The Wai 262 inquiry is one of the most complex and far-reaching in the Tribunal's history. It is the Tribunal's first whole-of-government inquiry. It is also the first Tribunal inquiry to specifically address the Treaty relationship beyond the settlement of historical grievances.
What does the Treaty say about Māori culture and identity?
The Treaty established a partnership between Māori and the Crown. Through this partnership, the Crown won the right to govern and enact laws, but that right was qualified by the guarantee of 'tino rangatiratanga' (full authority) for iwi and hapū over their 'taonga katoa' (all their treasured things).
This requires the Crown, as far as practicable, to ensure that iwi and hapū have authority over taonga such as those referred to above, which are core aspects of Māori culture and identity.
The Tribunal recognises that in a modern New Zealand context full authority will not always be possible, and that the interests of iwi and hapū will instead have to balanced alongside the interests of other New Zealanders.
See Ko Aotearoa Tēnei: Te Taumata Tuatahi, introduction (pages 15–24) for a more detailed explanation of what the claim is about and what the Treaty relationship requires.
Is the Wai 262 inquiry about historical claims?

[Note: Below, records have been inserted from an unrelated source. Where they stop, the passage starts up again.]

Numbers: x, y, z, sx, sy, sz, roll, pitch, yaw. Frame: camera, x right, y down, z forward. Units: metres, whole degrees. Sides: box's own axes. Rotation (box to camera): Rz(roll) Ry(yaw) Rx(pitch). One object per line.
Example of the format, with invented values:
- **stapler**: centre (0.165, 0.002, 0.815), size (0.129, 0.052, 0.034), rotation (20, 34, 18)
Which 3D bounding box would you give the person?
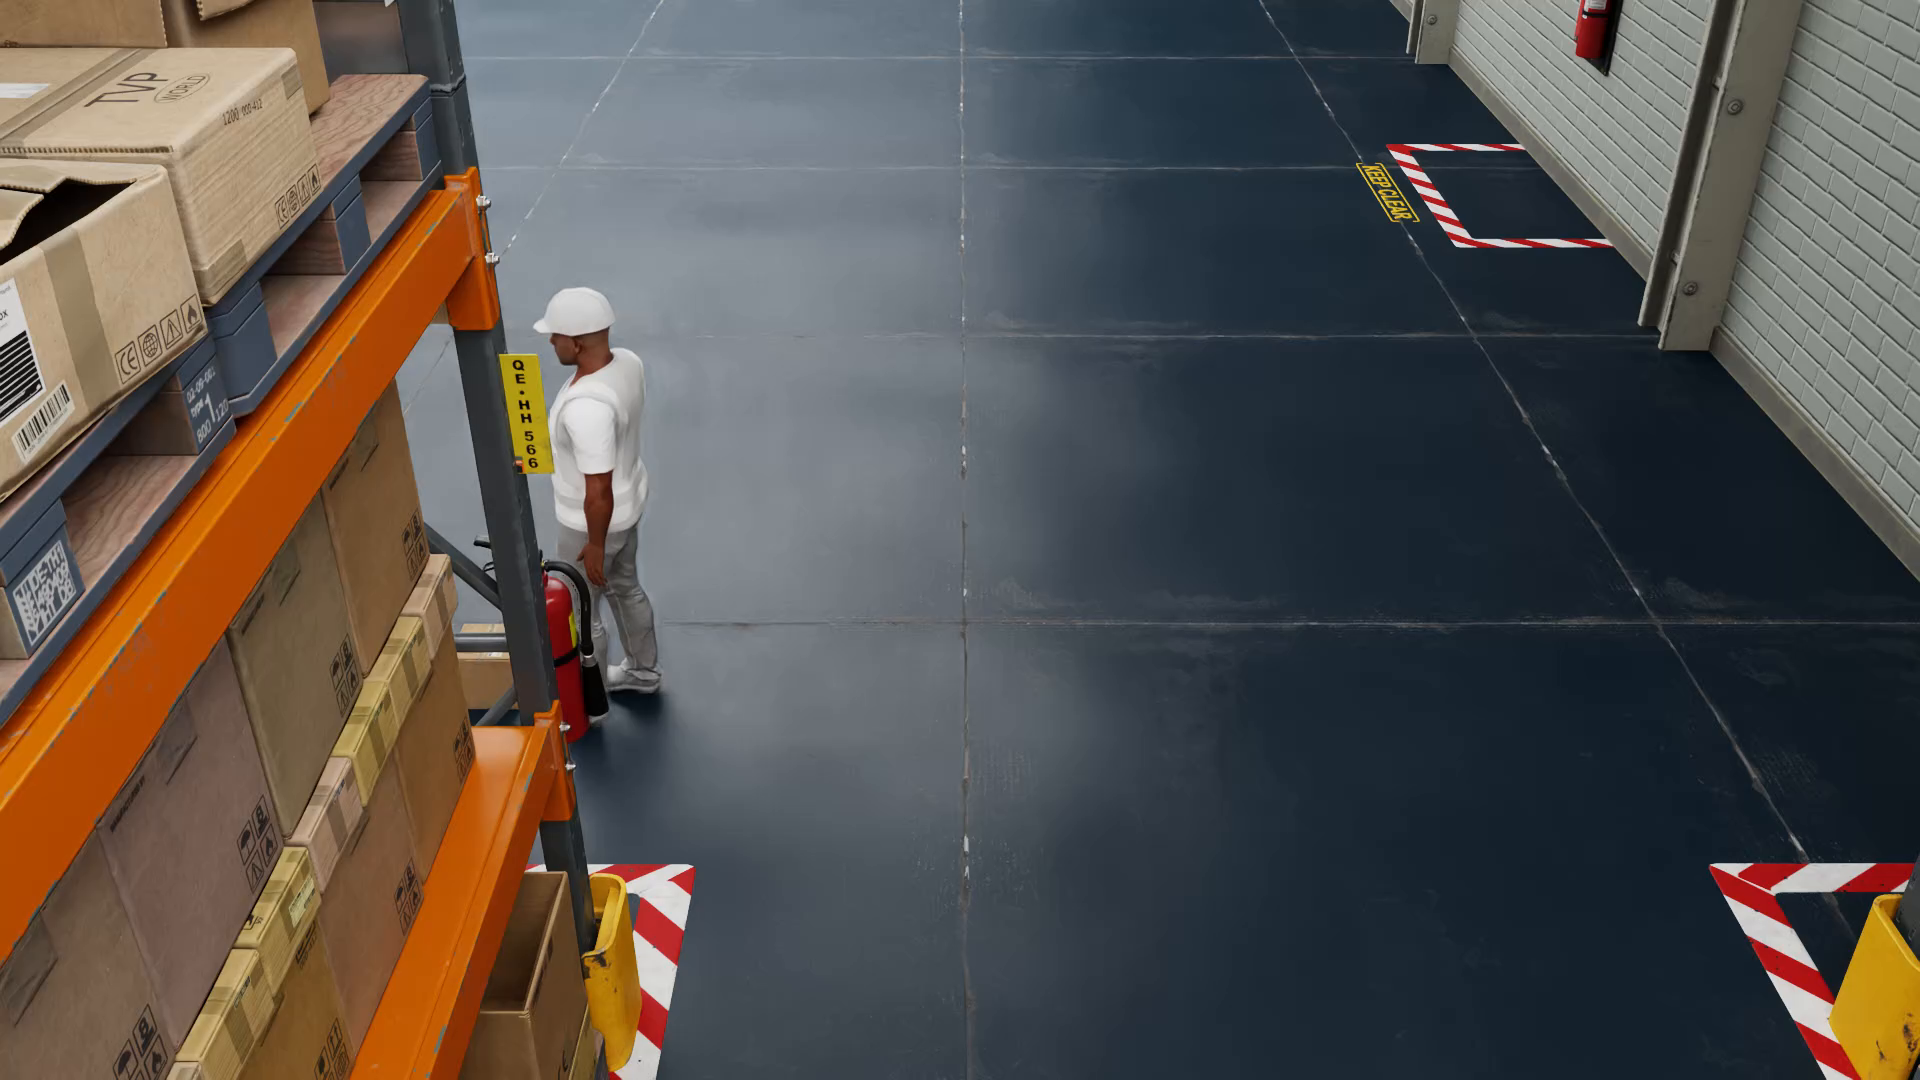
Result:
- **person**: centre (-1.422, -0.108, 6.278), size (0.519, 1.802, 0.612), rotation (3, 31, 4)

No. Though the claimants raised historical issues, the Tribunal felt that in general they were better considered in district inquiries. The Wai 262 inquiry has therefore focused largely on contemporary relationships between the Crown and Māori.
That does not mean history has been ignored. Many contemporary issues arise from historical actions such as the loss of tribal land and Crown suppression of the Māori language and culture through the education system and laws such as the Tohunga Suppression Act. But in general the focus of the Tribunal's findings and recommendations is on the contemporary relationship between the Crown and Māori, not on past grievances.

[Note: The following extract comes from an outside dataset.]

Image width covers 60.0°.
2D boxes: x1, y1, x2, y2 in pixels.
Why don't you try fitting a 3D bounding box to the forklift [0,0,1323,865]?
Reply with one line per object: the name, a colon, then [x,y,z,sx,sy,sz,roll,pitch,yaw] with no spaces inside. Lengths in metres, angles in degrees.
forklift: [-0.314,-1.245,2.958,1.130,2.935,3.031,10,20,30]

What has the Tribunal recommended?
The Tribunal's recommendations can be found in each chapter of Ko Aotearoa Tēnei. But they include:
- The establishment of new partnership bodies in education, conservation, and culture and heritage; a new commission to protect Māori cultural works against derogatory or offensive uses and unauthorised commercial uses; a new funding agent for mātauranga Māori in science; and expanded roles for some existing bodies including Te Taura Whiri (the Māori Language Commission), the newly established national rongoā body Te Paepae Matua mō te Rongoā, and Māori advisory bodies relating to patents and environmental protection.
- Improved support for rongoā Māori (Māori traditional healing), te reo Māori, and other aspects of Māori culture and Māori traditional knowledge.
- Amendments to laws covering Māori language, resource management, wildlife, conservation, cultural artifacts, environmental protection, patents and plant varieties, and more.
Who is the Tribunal?
The Waitangi Tribunal is a permanent commission of inquiry. It was established to consider and make recommendations on claims brought by Māori about Crown acts or omissions that breach the promises made in the Treaty. The Tribunal was established in 1975 by the Treaty of Waitangi Act.
The Wai 262 panel comprised Justice Joe Williams (presiding officer), Keita Walker, Pamela Ringwood and Roger Maaka.
Why has the report taken so long to complete?
There are many reasons. Initially, priority was given to district hearings in order to support the process of settling historical Treaty grievances, so the Tribunal did not begin hearing the claim until some years after it was lodged. Subsequently, arguments between the Crown and claimants about the scope of the claim, the ill health of the first presiding officer, the extraordinary breadth and complexity of the claim, the need to keep up with an ever-changing law and policy environment, and competing priorities have all contributed to the time the inquiry has taken.